_REQUIREMENT_
Your copy runs from the line containing "Lens: 60.0° across" through the last line of the listing, both included. Restate those lines word for word and leave out pictures.

DATASET EXCERPTS Start Marker

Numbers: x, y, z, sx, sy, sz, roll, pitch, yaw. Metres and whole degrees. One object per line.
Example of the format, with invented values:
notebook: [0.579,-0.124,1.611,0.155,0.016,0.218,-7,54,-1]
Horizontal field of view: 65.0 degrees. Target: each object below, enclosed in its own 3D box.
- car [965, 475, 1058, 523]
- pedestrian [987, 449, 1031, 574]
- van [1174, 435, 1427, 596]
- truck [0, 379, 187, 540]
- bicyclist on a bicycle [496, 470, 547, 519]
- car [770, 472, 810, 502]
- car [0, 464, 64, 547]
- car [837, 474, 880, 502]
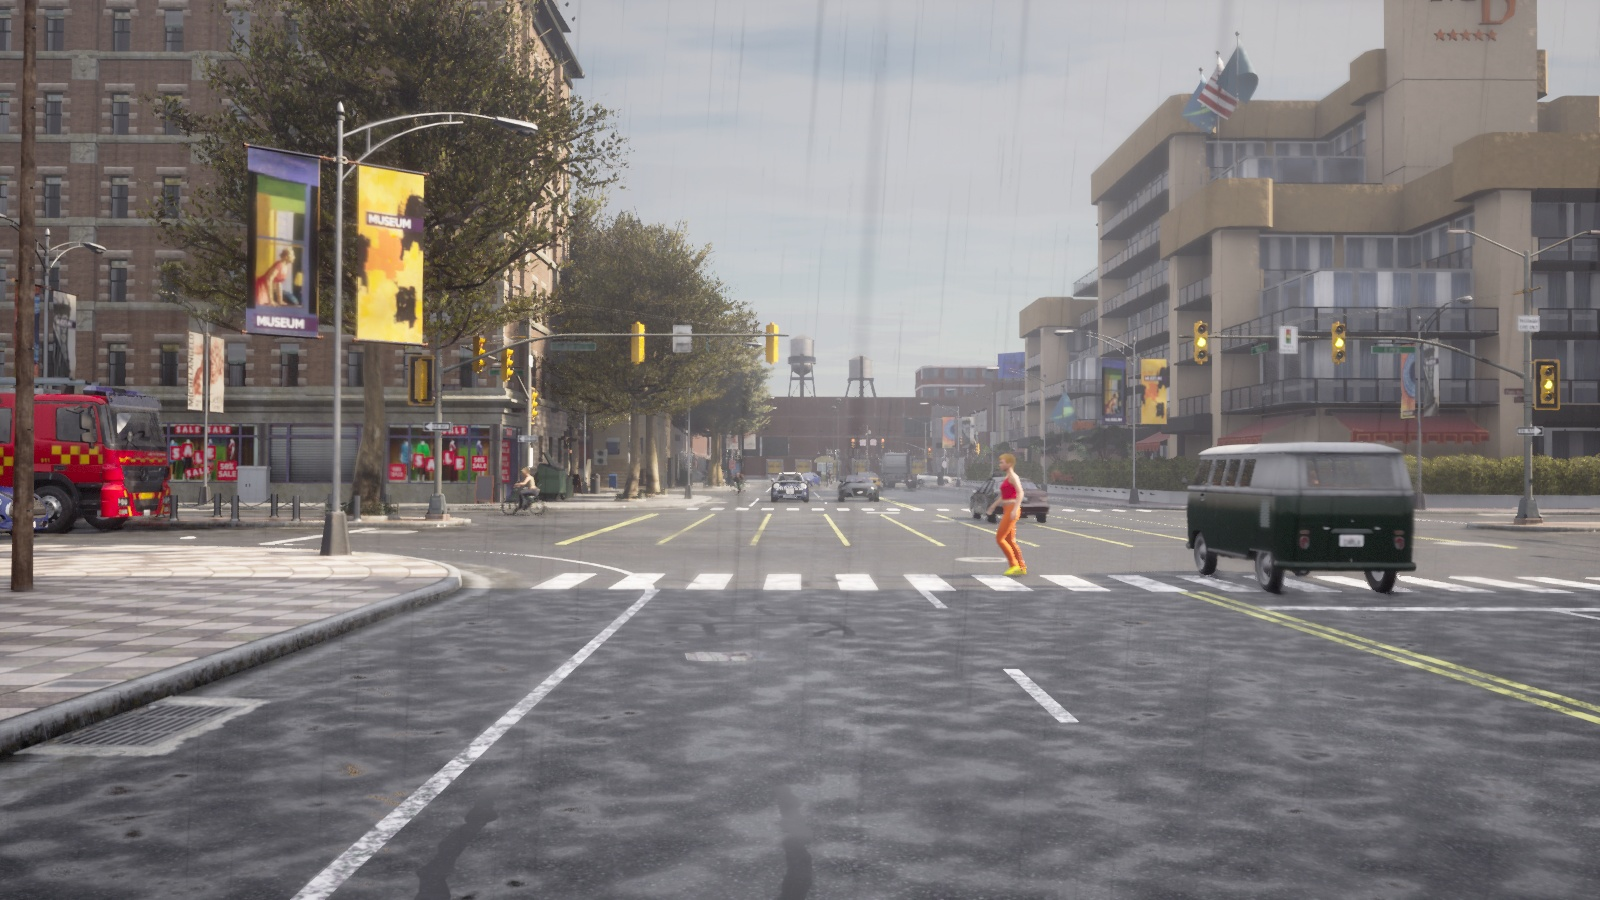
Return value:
car: [6.691,1.512,40.371,2.033,1.411,5.357,0,-1,0]
pedestrian: [3.092,0.907,18.597,0.594,1.836,0.345,0,-1,1]
van: [6.866,0.838,17.793,1.775,1.987,4.442,0,-1,0]
truck: [-20.230,0.255,31.284,8.468,3.827,2.891,0,-1,0]
bicyclist on a bicycle: [-9.458,1.503,42.625,1.509,1.612,0.866,0,0,3]
car: [-0.490,1.848,63.661,1.970,1.475,3.806,0,-1,0]
car: [-19.190,1.215,27.790,4.553,1.767,2.097,0,-1,1]
car: [2.995,1.956,65.030,1.994,1.385,4.181,0,-1,-1]
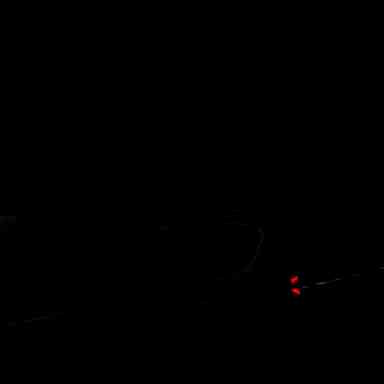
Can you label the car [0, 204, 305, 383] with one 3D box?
[{"bbox_3d":[-1.387,1.183,3.105,5.566,2.045,2.150,0,1,-32],"label":"car"}]
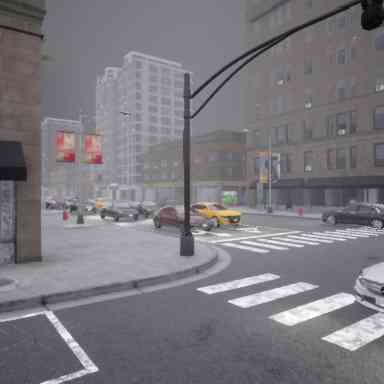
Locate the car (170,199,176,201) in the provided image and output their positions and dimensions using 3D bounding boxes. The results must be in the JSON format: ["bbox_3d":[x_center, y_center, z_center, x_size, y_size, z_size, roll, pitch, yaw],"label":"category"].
[{"bbox_3d":[-3.159,1.487,40.036,2.033,1.411,5.357,0,0,-36],"label":"car"}]

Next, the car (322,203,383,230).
[{"bbox_3d":[10.632,1.483,20.930,1.837,1.490,4.892,0,0,-36],"label":"car"}]

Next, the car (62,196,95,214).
[{"bbox_3d":[-11.433,1.443,34.509,2.128,1.511,4.902,0,0,-36],"label":"car"}]

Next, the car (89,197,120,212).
[{"bbox_3d":[-10.136,1.422,38.272,1.882,1.535,5.008,0,0,-36],"label":"car"}]

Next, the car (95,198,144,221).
[{"bbox_3d":[-5.988,1.491,26.975,1.812,1.442,4.674,0,0,-36],"label":"car"}]

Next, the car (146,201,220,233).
[{"bbox_3d":[-0.667,1.505,19.601,1.812,1.442,4.674,0,0,-35],"label":"car"}]

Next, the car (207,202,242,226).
[{"bbox_3d":[1.244,1.451,22.488,1.882,1.535,5.008,0,0,-35],"label":"car"}]

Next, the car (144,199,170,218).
[{"bbox_3d":[-4.199,1.485,30.051,1.812,1.442,4.674,0,0,-36],"label":"car"}]

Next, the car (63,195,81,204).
[{"bbox_3d":[-21.711,1.407,60.187,1.837,1.490,4.892,0,0,-36],"label":"car"}]

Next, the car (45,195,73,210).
[{"bbox_3d":[-17.429,1.288,42.874,2.097,1.767,4.553,0,0,-35],"label":"car"}]

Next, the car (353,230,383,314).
[{"bbox_3d":[5.266,1.529,6.241,4.674,1.442,1.812,0,-1,-22],"label":"car"}]
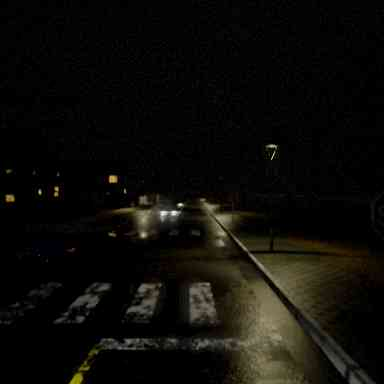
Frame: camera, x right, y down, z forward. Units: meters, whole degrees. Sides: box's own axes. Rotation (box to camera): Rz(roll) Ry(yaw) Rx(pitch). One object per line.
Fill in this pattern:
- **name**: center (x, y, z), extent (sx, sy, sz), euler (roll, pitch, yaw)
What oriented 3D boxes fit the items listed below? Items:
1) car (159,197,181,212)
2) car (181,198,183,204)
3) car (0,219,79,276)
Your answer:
- **car**: center (-2.719, 1.547, 39.211), extent (1.994, 1.385, 4.181), euler (0, 0, 0)
- **car**: center (-2.704, 1.534, 60.352), extent (1.994, 1.385, 4.181), euler (0, 0, 0)
- **car**: center (-5.845, 1.415, 8.903), extent (5.357, 1.411, 2.033), euler (6, -1, -25)
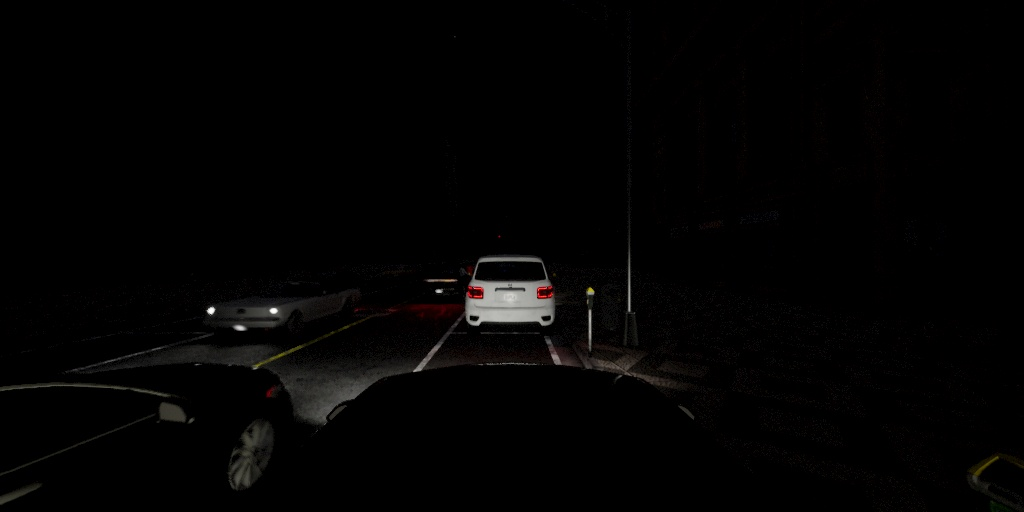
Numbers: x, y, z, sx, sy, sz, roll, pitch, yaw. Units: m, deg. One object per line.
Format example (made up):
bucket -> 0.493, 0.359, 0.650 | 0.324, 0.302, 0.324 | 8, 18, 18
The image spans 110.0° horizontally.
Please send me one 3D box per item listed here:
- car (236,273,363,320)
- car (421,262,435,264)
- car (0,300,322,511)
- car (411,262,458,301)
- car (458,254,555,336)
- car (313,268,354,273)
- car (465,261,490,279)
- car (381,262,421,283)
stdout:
car -> -6.245, 1.351, 10.448 | 1.895, 1.301, 4.718 | 0, 0, 0
car -> -8.922, 1.298, 34.154 | 1.888, 1.381, 4.507 | 0, 0, 0
car -> -3.047, 1.254, 1.506 | 1.837, 1.490, 4.892 | 0, 0, 0
car -> -3.046, 1.244, 17.418 | 2.128, 1.511, 4.902 | 0, 0, 0
car -> -0.039, 0.979, 10.530 | 2.150, 2.045, 5.566 | 0, 0, 0
car -> -8.919, 1.296, 17.578 | 1.888, 1.381, 4.507 | 0, 0, 0
car -> -3.145, 1.231, 33.403 | 1.882, 1.535, 5.008 | 0, 0, 0
car -> -8.921, 1.278, 28.459 | 1.751, 1.417, 4.829 | 0, 0, 0
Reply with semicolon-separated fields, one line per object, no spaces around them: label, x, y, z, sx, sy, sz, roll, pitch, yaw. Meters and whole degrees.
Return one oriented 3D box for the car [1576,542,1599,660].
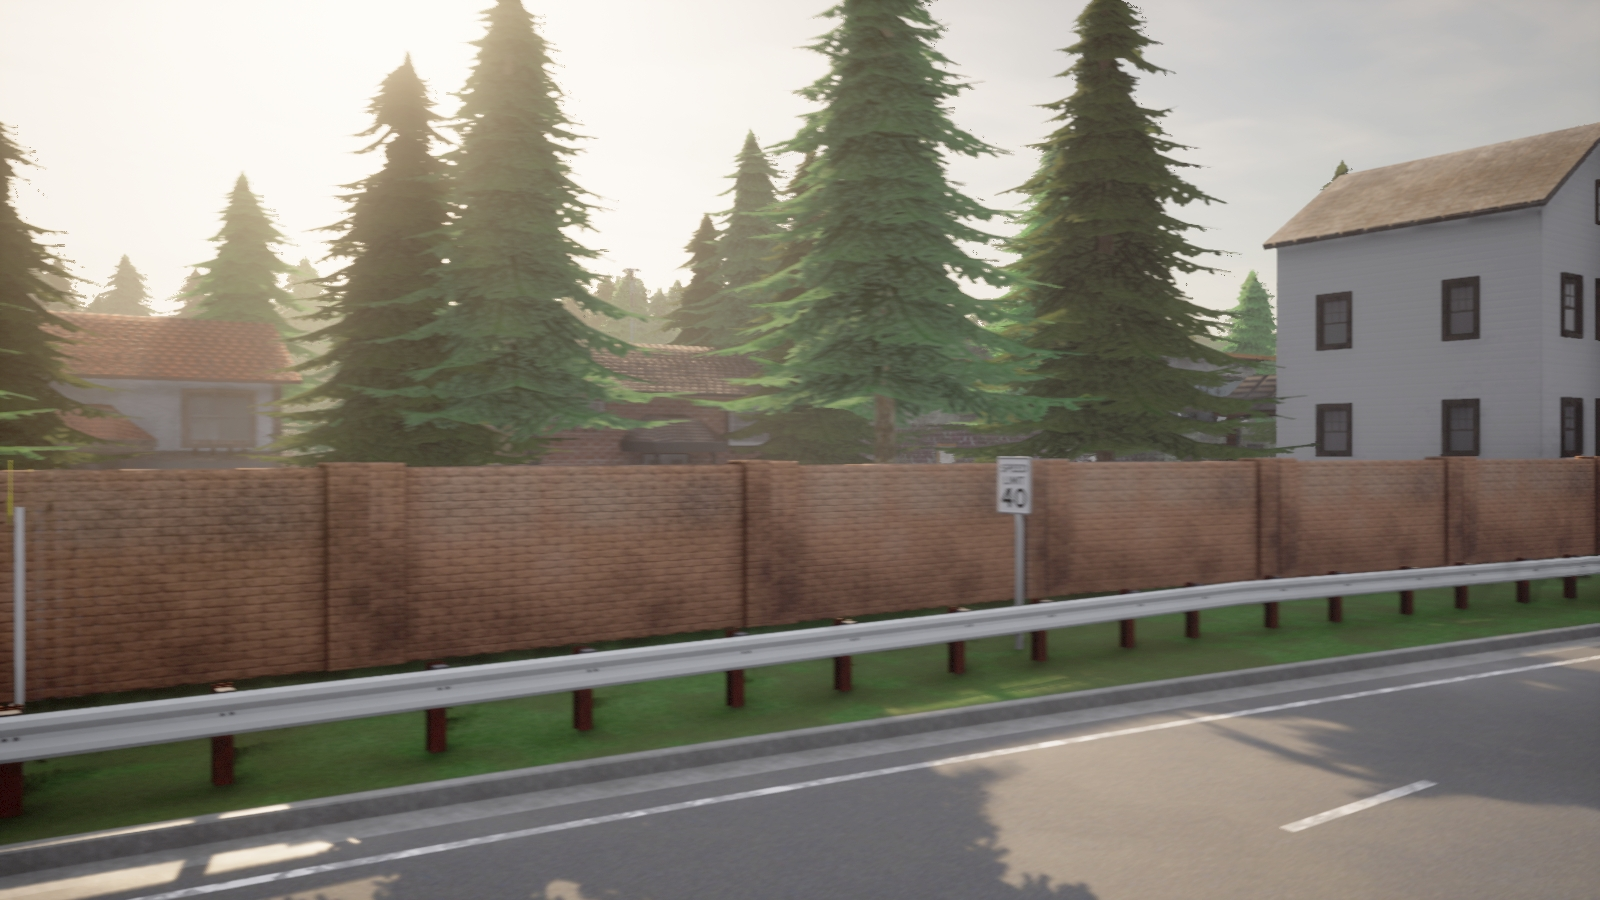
car;12.957;2.040;15.821;4.514;1.525;2.007;0;0;-32
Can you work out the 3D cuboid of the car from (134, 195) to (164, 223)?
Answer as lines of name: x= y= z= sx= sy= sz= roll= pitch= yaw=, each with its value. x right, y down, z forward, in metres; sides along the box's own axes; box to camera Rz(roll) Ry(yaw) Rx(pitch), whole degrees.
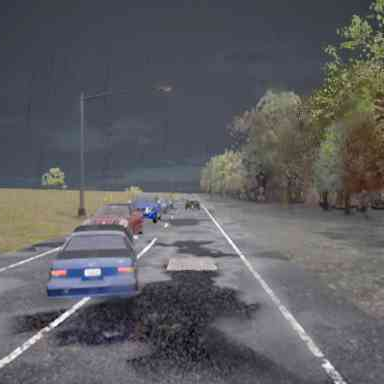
car: x=-3.606 y=1.232 z=25.718 sx=2.150 sy=2.045 sz=5.566 roll=0 pitch=0 yaw=-1

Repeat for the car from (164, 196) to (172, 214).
car: x=-3.596 y=1.364 z=35.723 sx=2.097 sy=1.767 sz=4.553 roll=0 pitch=0 yaw=0

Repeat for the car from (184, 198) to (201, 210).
car: x=0.055 y=1.517 z=43.800 sx=1.837 sy=1.490 sz=4.892 roll=0 pitch=0 yaw=-1

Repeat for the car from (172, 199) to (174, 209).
car: x=-3.596 y=1.364 z=45.730 sx=2.097 sy=1.767 sz=4.553 roll=0 pitch=0 yaw=0

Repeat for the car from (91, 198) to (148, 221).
car: x=-3.672 y=1.359 z=16.053 sx=2.097 sy=1.767 sz=4.553 roll=0 pitch=0 yaw=1

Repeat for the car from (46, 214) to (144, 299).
car: x=-2.387 y=1.552 z=8.683 sx=2.033 sy=1.411 sz=5.357 roll=0 pitch=0 yaw=-12
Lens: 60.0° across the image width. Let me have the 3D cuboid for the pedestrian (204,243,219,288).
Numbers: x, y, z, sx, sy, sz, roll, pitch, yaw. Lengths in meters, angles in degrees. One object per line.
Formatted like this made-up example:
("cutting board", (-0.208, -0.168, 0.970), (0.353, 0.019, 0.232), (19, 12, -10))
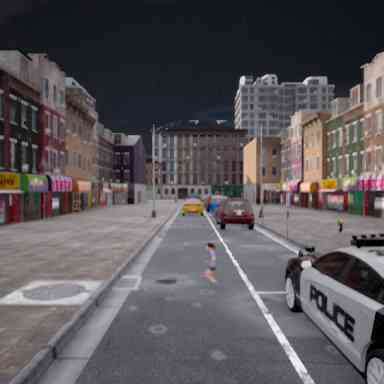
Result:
("pedestrian", (0.475, 1.660, 7.728), (0.500, 1.100, 0.500), (0, 0, 0))

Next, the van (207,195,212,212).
("van", (2.621, 1.287, 31.854), (1.690, 1.788, 3.998), (0, 0, 0))

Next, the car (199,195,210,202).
("car", (2.606, 1.432, 70.184), (2.008, 1.369, 4.403), (0, 0, 0))

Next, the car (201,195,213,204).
("car", (2.610, 1.340, 59.232), (1.967, 1.590, 4.097), (0, 0, 0))

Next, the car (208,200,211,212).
("car", (2.624, 1.506, 26.380), (2.008, 1.369, 4.403), (0, 0, 0))

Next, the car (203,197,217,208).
("car", (2.615, 1.443, 48.451), (1.752, 1.417, 4.829), (0, 0, 0))

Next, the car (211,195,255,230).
("car", (2.626, 1.279, 20.904), (2.192, 1.841, 5.009), (0, 0, 0))

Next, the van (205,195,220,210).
("van", (2.617, 1.269, 42.805), (1.690, 1.788, 3.998), (0, 0, 0))

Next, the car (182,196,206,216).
("car", (0.079, 1.423, 32.374), (1.882, 1.535, 5.008), (0, -1, 0))

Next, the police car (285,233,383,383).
("police car", (2.748, 1.416, 4.721), (1.930, 1.638, 5.238), (0, 0, 0))

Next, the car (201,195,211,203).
("car", (2.608, 1.416, 64.878), (1.752, 1.417, 4.829), (0, 0, 0))

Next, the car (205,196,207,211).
("car", (2.619, 1.252, 37.330), (2.192, 1.841, 5.009), (0, 0, 0))

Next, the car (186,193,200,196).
("car", (0.094, 1.147, 44.567), (2.150, 2.045, 5.566), (0, 0, -2))

DATASET EXCERPTS End Marker

_TASK RESULT_
Lens: 60.0° across the image width. Let me have the 3D cuboid for the pedestrian (204,243,219,288).
Numbers: x, y, z, sx, sy, sz, roll, pitch, yaw. Lengths in meters, angles in degrees. One object per line.
Formatted like this made-up example:
("cutting board", (-0.208, -0.168, 0.970), (0.353, 0.019, 0.232), (19, 12, -10))
Result:
("pedestrian", (0.475, 1.660, 7.728), (0.500, 1.100, 0.500), (0, 0, 0))

Next, the van (207,195,212,212).
("van", (2.621, 1.287, 31.854), (1.690, 1.788, 3.998), (0, 0, 0))

Next, the car (199,195,210,202).
("car", (2.606, 1.432, 70.184), (2.008, 1.369, 4.403), (0, 0, 0))

Next, the car (201,195,213,204).
("car", (2.610, 1.340, 59.232), (1.967, 1.590, 4.097), (0, 0, 0))

Next, the car (208,200,211,212).
("car", (2.624, 1.506, 26.380), (2.008, 1.369, 4.403), (0, 0, 0))

Next, the car (203,197,217,208).
("car", (2.615, 1.443, 48.451), (1.752, 1.417, 4.829), (0, 0, 0))

Next, the car (211,195,255,230).
("car", (2.626, 1.279, 20.904), (2.192, 1.841, 5.009), (0, 0, 0))

Next, the van (205,195,220,210).
("van", (2.617, 1.269, 42.805), (1.690, 1.788, 3.998), (0, 0, 0))

Next, the car (182,196,206,216).
("car", (0.079, 1.423, 32.374), (1.882, 1.535, 5.008), (0, -1, 0))

Next, the police car (285,233,383,383).
("police car", (2.748, 1.416, 4.721), (1.930, 1.638, 5.238), (0, 0, 0))

Next, the car (201,195,211,203).
("car", (2.608, 1.416, 64.878), (1.752, 1.417, 4.829), (0, 0, 0))

Next, the car (205,196,207,211).
("car", (2.619, 1.252, 37.330), (2.192, 1.841, 5.009), (0, 0, 0))

Next, the car (186,193,200,196).
("car", (0.094, 1.147, 44.567), (2.150, 2.045, 5.566), (0, 0, -2))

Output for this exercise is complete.